[Start of section]

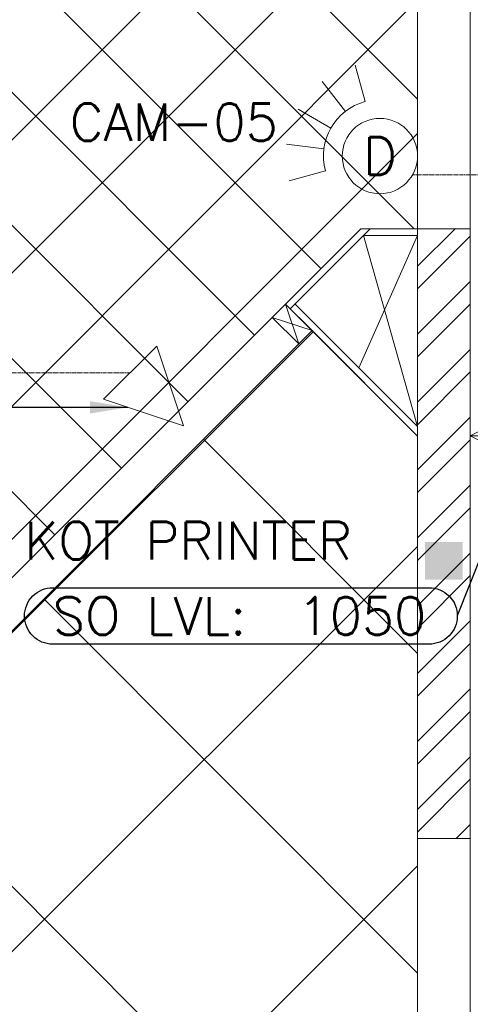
# Model space of a CAD drawing. Header units: millimetres. Extents: x -150 to 17700, y -13097 to 13830.
# Tile 57 of 67: x 13393 to 14590, y 6480 to 9095. Entities that reach past the tile are written whole.
import ezdxf
from ezdxf.enums import TextEntityAlignment as Align

# ---------------------------------------------------------------- set-up
doc = ezdxf.new("R2010")
doc.units = ezdxf.units.MM
doc.header["$MEASUREMENT"] = 0
doc.linetypes.add('HIDDENX2', pattern=[0.75, 0.5, -0.25])
doc.layers.get('0').update_dxf_attribs({"lineweight": 5})
doc.layers.add('ELEC-SO-LVL-TAG', color=7, linetype='Continuous')
for name, color, linetype, lineweight, true_color in [('M-MEP-ELIT-CABLE', 7, 'HIDDENX2', 20, 0x960000), ('M-MEP-ELIT-DEVICES', 5, 'Continuous', 20, 0x0000ff), ('M-MEP-ELTV-CABLE', 7, 'HIDDENX2', 20, 0x007d00), ('M-MEP-ELTV-CAM', 5, 'Continuous', 20, 0x0000ff), ('RCP XREF$0$A-140MM', 9, 'Continuous', 0, 0x808080), ('RCP XREF$0$A-BULKHEAD', 9, 'Continuous', 0, 0x808080), ('RCP XREF$0$A-CEILING-01', 9, 'Continuous', 0, 0x808080), ('RCP XREF$0$A-CEILING-04', 9, 'Continuous', 0, 0x808080), ('RCP XREF$0$A-JOINERY', 9, 'Continuous', 0, 0x808080), ('RCP XREF$0$A-Wall & Column', 9, 'Continuous', 0, 0x808080)]:
    doc.layers.add(name, color=color, linetype=linetype, lineweight=lineweight, true_color=true_color)
doc.layers.add('M-MEP-ELLG-TEXT', color=7, linetype='Continuous', lineweight=15)
doc.layers.add('M-MEP-GEN', color=7, linetype='Continuous', lineweight=5)
doc.styles.add('Oswald Light', font='txt')
doc.styles.add('ROMANS-100', font='romans.shx')
doc.styles.get("Standard").update_dxf_attribs({"font": 'romans.shx'})
doc.dimstyles.new('MDS-50', dxfattribs={"dimtxt": 100, "dimasz": 100, "dimexe": 50, "dimexo": 50, "dimgap": 25, "dimtad": 1, "dimdec": 0, "dimtxsty": 'Oswald Light', "dimcen": 0, "dimdle": 1.5875, "dimazin": 0, "dimtfac": 1, "dimtdec": 0, "dimtix": 1, "dimtmove": 0, "dimatfit": 0, "dimfxl": 1, "dimfrac": 2, "dimtolj": 1, "dimarcsym": 0})

# ---------------------------------------------------------------- blocks, each defined once
blk = doc.blocks.new('RCP XREF')
at = {"lineweight": 0, "true_color": 0x808080}
h = blk.add_hatch(color=8, dxfattribs=at)
h.dxf.hatch_style = 1
h.paths.add_polyline_path([(14470, 9520), (14570, 9520), (14570, 9420), (14470, 9420)])
h.paths.add_polyline_path([(17250, 9520), (17350, 9520), (17350, 9420), (17250, 9420)])
h.paths.add_polyline_path([(14470, 7708), (14570, 7708), (14570, 7608), (14470, 7608)])
h.paths.add_polyline_path([(14470, 5890), (14570, 5890), (14570, 5790), (14470, 5790)])
h.paths.add_polyline_path([(14470, 4080), (14570, 4080), (14570, 3980), (14470, 3980)])
h.paths.add_polyline_path([(15202, 2270), (15302, 2270), (15302, 2170), (15202, 2170)])
h.paths.add_polyline_path([(17250, 2270), (17350, 2270), (17350, 2170), (17250, 2170)])
h.paths.add_polyline_path([(17250, 4080), (17350, 4080), (17350, 3980), (17250, 3980)])
h.paths.add_polyline_path([(17250, 5890), (17350, 5890), (17350, 5790), (17250, 5790)])
h.paths.add_polyline_path([(17250, 7708), (17350, 7708), (17350, 7608), (17250, 7608)])
at = {"color": 8, "lineweight": 0, "true_color": 0x808080}
for p, q in [((14298.8, 8540), (14098.8, 8340)), ((14324.3, 8540), (14111.6, 8327.3)), ((14450, 8540), (14298.8, 8540)), ((14450, 8522), (14306.3, 8522)), ((14063.5, 8304.6), (14098.8, 8340)), ((14098.8, 8340), (14450, 7988.8)), ((14098.8, 8340), (14169.5, 8269.3)), ((14124.3, 8340), (14450, 8014.3)), ((14134.2, 8233.9), (14063.5, 8304.6)), ((14169.5, 8269.3), (14134.2, 8233.9))]:
    blk.add_line(p, q, dxfattribs=at)
at = {"layer": 'RCP XREF$0$A-140MM', "color": 8, "linetype": 'Continuous', "lineweight": 0, "true_color": 0x808080}
for p, q in [((14450, 8440.2), (14549.8, 8540)), ((14450, 8380.1), (14590, 8520.1)), ((14450, 8259.9), (14590, 8399.9)), ((14450, 8199.8), (14590, 8339.8)), ((14450, 8079.6), (14590, 8219.6)), ((14450, 8019.5), (14590, 8159.5)), ((14450, 7899.3), (14590, 8039.3)), ((14450, 7839.2), (14590, 7979.2)), ((14450, 7719), (14590, 7859)), ((14450, 7658.9), (14590, 7798.9)), ((14450, 7538.6), (14590, 7678.6)), ((14450, 7478.5), (14590, 7618.5)), ((14450, 7358.3), (14590, 7498.3)), ((14450, 7298.2), (14590, 7438.2)), ((14450, 7178), (14590, 7318)), ((14450, 7117.9), (14590, 7257.9)), ((14450, 6997.7), (14590, 7137.7)), ((14450, 6937.6), (14590, 7077.6)), ((14552.6, 6920), (14590, 6957.4))]:
    blk.add_line(p, q, dxfattribs=at)
at = {"layer": 'RCP XREF$0$A-BULKHEAD', "color": 8, "lineweight": 0, "ltscale": 5, "true_color": 0x808080}
for p, q in [((11196.7, 5437.9), (14098.8, 8340)), ((14098.8, 8340), (14169.5, 8269.3)), ((14169.5, 8269.3), (11987.9, 6087.6))]:
    blk.add_line(p, q, dxfattribs=at)
at = {"layer": 'RCP XREF$0$A-CEILING-01', "color": 8, "linetype": 'Continuous', "lineweight": 0, "true_color": 0x808080}
for p, q in [((13662.8, 7904), (8186.8, 13380)), ((13839.6, 8080.7), (8540.3, 13380)), ((14016.3, 8257.5), (8893.9, 13380)), ((14193.1, 8434.3), (9247.4, 13380)), ((14450, 8884.5), (9954.5, 13380)), ((14441, 8540), (11886.7, 11094.2)), ((7866.2, 3270), (14450, 9853.8)), ((8219.7, 3270), (14450, 9500.3)), ((13486, 7727.2), (12020, 9193.2)), ((8573.3, 3270), (14450, 9146.7)), ((8926.9, 3270), (14450, 8793.1))]:
    blk.add_line(p, q, dxfattribs=at)
at = {"layer": 'RCP XREF$0$A-CEILING-01', "color": 8, "lineweight": 0, "true_color": 0x808080}
for p, q in [((14450, 8540), (14450, 9620)), ((11904.4, 6145.6), (14298.8, 8540)), ((14298.8, 8540), (14450, 8540)), ((14169.5, 8269.3), (11987.9, 6087.6)), ((14450, 7988.8), (14169.5, 8269.3)), ((14450, 6923.4), (14450, 7988.8)), ((14450, 3520), (14450, 6923.4))]:
    blk.add_line(p, q, dxfattribs=at)
at = {"layer": 'RCP XREF$0$A-CEILING-04', "color": 8, "linetype": 'Continuous', "lineweight": 0, "true_color": 0x808080}
for p, q in [((14172.4, 8266.4), (11988.8, 6086.7)), ((14450, 7411.5), (13881.4, 7981.1)), ((14450, 7695.8), (11335.8, 4587)), ((14450, 6562.3), (13457.1, 7556.9)), ((14450, 5713), (13032.9, 7132.6)), ((14450, 6848), (11760.1, 4162.8))]:
    blk.add_line(p, q, dxfattribs=at)
at = {"layer": 'RCP XREF$0$A-JOINERY', "color": 8, "lineweight": 0, "true_color": 0x808080}
for p, q in [((14098.8, 8340), (11917.1, 6158.3)), ((14169.5, 8269.3), (11987.9, 6087.6))]:
    blk.add_line(p, q, dxfattribs=at)
at = {"layer": 'RCP XREF$0$A-Wall & Column', "color": 8, "lineweight": 0, "true_color": 0x808080}
for p, q in [((14450, 3520), (14450, 9620)), ((14590, 3520), (14590, 9520)), ((14450, 8540), (14590, 8540)), ((14293.5, 8170.8), (14450, 8522)), ((14306.3, 8522), (14450, 8014.3)), ((14098.8, 8340), (14134.2, 8233.9)), ((14063.5, 8304.6), (14169.5, 8269.3)), ((14450, 6920), (14590, 6920))]:
    blk.add_line(p, q, dxfattribs=at)
blk = doc.blocks.new('DOME-CCTV-CM')
at = {"color": 0}
for p, q in [((106.1, 106.1), (176.8, 176.8)), ((138.6, 57.4), (231, 95.7)), ((150, 0), (250, 0)), ((138.6, -57.4), (231, -95.7)), ((106.1, -106.1), (176.8, -176.8))]:
    blk.add_line(p, q, dxfattribs=at)
blk.add_circle((0, 0), 100, dxfattribs=at)
blk.add_arc((0, 0), 150, 315, 45, dxfattribs=at)
blk.add_attdef('D', text='', height=100, dxfattribs=at).set_placement((0, 0), align=Align.MIDDLE_CENTER)
blk = doc.blocks.new('DDO-RJ45')
at = {"color": 0}
blk.add_line((0, 200), (0, 0), dxfattribs=at)
blk.add_lwpolyline([(-100, 200), (100, 200), (0, 0), (0, 0)], close=True, dxfattribs=at)
blk = doc.blocks.new('SDO-RJ45')
at = {"color": 0}
blk.add_lwpolyline([(-100, 200), (100, 200), (0, 0), (0, 0)], close=True, dxfattribs=at)
blk = doc.blocks.new('ELEC-SO-LVL-EQP-TAG')
at = {"layer": 'ELEC-SO-LVL-TAG'}
blk.add_lwpolyline([(75, 72.5), (1075, 72.5, -0.414214), (1150, -2.5), (1150, -2.5, -0.414214), (1075, -77.5), (75, -77.5, -0.414214), (0, -2.5), (0, -2.5, -0.414214)], format="xyb", close=True, dxfattribs=at)
at = {"layer": 'ELEC-SO-LVL-TAG', "insert": (75, -2.5), "char_height": 100, "attachment_point": 4}
blk.add_mtext_dynamic_manual_height_columns('{\\Fromans|c0;SO LVL:}', width=1015.069, gutter_width=1, heights=[0], dxfattribs=at)
at = {"layer": 'ELEC-SO-LVL-TAG', "style": 'ROMANS-100'}
for tag, p in [('SO-EQP', (0, 197.5)), ('SO-LVL', (725, -2.5))]:
    blk.add_attdef(tag, text='', height=100, dxfattribs=at).set_placement(p, align=Align.MIDDLE_LEFT)

msp = doc.modelspace()

# ---------------------------------------------------------------- linework, layer by layer
at = {"layer": 'M-MEP-ELIT-CABLE', "ltscale": 5}
msp.add_lwpolyline([(12657, 1607.4), (12990.1, 1607.4, 0.414214), (13080.1, 1697.4), (13080.1, 8067.5, -0.414214), (13170.1, 8157.5), (13686.5, 8157.5)], format="xyb", dxfattribs=at)
at = {"layer": 'M-MEP-ELTV-CABLE', "ltscale": 5}
msp.add_lwpolyline([(12657, 1507.4), (13090.1, 1507.4, 0.414214), (13180.1, 1597.4), (13180.1, 3018.6, -0.414214), (13270.1, 3108.6), (15344.5, 3108.6, 0.414214), (15434.5, 3198.6), (15434.5, 8593.4, 0.414214), (15344.5, 8683.4), (14436.6, 8683.4)], format="xyb", dxfattribs=at)

# ---------------------------------------------------------------- block references
at = {"ltscale": 5}
msp.add_blockref('RCP XREF', (0, 0), dxfattribs=at)
at = {"layer": 'M-MEP-ELIT-DEVICES'}
for name, p, rotation in [('SDO-RJ45', (13827.9, 8016.1), 44.99999997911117), ('DDO-RJ45', (14590, 7989.5), 270.1777273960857)]:
    msp.add_blockref(name, p, dxfattribs=dict(at, rotation=rotation))
at = {"layer": 'M-MEP-ELLG-TEXT'}
msp.add_blockref('ELEC-SO-LVL-EQP-TAG', (13405.5, 7514), dxfattribs=at).add_auto_attribs({'SO-EQP': 'KOT PRINTER', 'SO-LVL': '1050'})
at = {"layer": 'M-MEP-ELTV-CAM', "lineweight": 0}
ref = msp.add_blockref('DOME-CCTV-CM', (14349.8, 8733), dxfattribs=dict(at, rotation=150.2444243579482))
ref.add_attrib('D', 'D', dxfattribs={"color": 0, "height": 100}).set_placement((14349.8, 8733), align=Align.MIDDLE_CENTER)

# ---------------------------------------------------------------- texts
at = {"layer": 'M-MEP-GEN', "insert": (13802.2, 8823), "char_height": 100, "attachment_point": 5}
msp.add_mtext_dynamic_manual_height_columns('CAM-05', width=262.905, gutter_width=3324.7, heights=[0], dxfattribs=at)

# ---------------------------------------------------------------- leaders
at = {"layer": 'M-MEP-ELLG-TEXT'}
for points in [[(13679.7, 8065.5), (11633.5, 8065.5)], [(14718.6, 7925.7), (14555.4, 7511.4)]]:
    msp.add_leader(points, dimstyle='MDS-50', override={"dimgap": 25, "dimtad": 0}, dxfattribs=at)

doc.saveas('drawing.dxf')

[End of section]

◆ Task goal
Show the lines of the entries that include the string "ltscale", copying each in full.

◆ Completed exercise
at = {"layer": 'RCP XREF$0$A-BULKHEAD', "color": 8, "lineweight": 0, "ltscale": 5, "true_color": 0x808080}
at = {"layer": 'M-MEP-ELIT-CABLE', "ltscale": 5}
at = {"layer": 'M-MEP-ELTV-CABLE', "ltscale": 5}
at = {"ltscale": 5}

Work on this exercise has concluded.